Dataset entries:

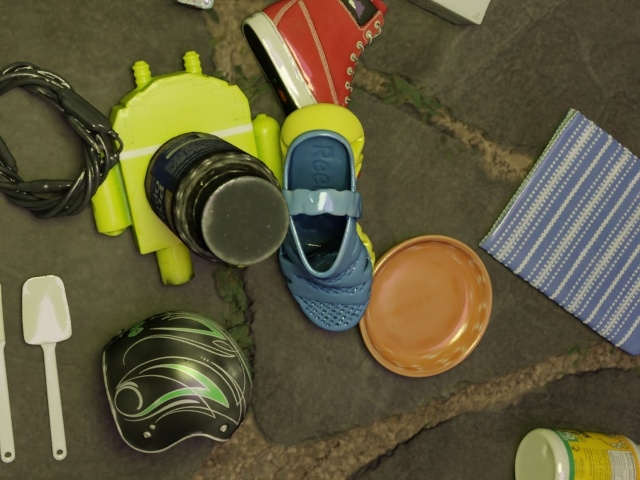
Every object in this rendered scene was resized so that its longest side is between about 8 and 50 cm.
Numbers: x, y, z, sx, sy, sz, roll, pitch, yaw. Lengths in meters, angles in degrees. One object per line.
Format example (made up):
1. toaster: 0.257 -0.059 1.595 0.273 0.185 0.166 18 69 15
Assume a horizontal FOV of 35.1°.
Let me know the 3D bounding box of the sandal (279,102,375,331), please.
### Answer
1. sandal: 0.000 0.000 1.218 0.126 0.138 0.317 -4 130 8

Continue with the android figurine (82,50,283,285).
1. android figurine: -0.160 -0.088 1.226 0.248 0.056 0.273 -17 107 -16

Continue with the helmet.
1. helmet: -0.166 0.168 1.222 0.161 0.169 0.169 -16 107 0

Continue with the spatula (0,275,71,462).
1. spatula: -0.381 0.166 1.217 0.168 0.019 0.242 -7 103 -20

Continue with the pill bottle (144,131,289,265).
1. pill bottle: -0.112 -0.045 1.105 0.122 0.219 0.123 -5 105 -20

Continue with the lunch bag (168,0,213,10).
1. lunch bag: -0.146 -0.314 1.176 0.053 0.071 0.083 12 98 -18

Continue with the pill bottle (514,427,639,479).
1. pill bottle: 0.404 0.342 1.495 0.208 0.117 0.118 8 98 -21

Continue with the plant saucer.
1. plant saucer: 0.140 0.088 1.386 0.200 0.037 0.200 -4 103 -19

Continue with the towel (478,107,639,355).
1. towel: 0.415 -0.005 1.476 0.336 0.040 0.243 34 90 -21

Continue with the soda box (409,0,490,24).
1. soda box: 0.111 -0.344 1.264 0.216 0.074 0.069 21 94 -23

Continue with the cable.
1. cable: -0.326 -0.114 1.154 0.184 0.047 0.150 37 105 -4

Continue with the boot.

### TASK OBJECTIVE
Repeat only the stretch of lines starting at the one containing "Continue with the pill bottle (144,131,289,265)." and running to the final line of the entries above.

### TASK OUTPUT
Continue with the pill bottle (144,131,289,265).
1. pill bottle: -0.112 -0.045 1.105 0.122 0.219 0.123 -5 105 -20

Continue with the lunch bag (168,0,213,10).
1. lunch bag: -0.146 -0.314 1.176 0.053 0.071 0.083 12 98 -18

Continue with the pill bottle (514,427,639,479).
1. pill bottle: 0.404 0.342 1.495 0.208 0.117 0.118 8 98 -21

Continue with the plant saucer.
1. plant saucer: 0.140 0.088 1.386 0.200 0.037 0.200 -4 103 -19

Continue with the towel (478,107,639,355).
1. towel: 0.415 -0.005 1.476 0.336 0.040 0.243 34 90 -21

Continue with the soda box (409,0,490,24).
1. soda box: 0.111 -0.344 1.264 0.216 0.074 0.069 21 94 -23

Continue with the cable.
1. cable: -0.326 -0.114 1.154 0.184 0.047 0.150 37 105 -4

Continue with the boot.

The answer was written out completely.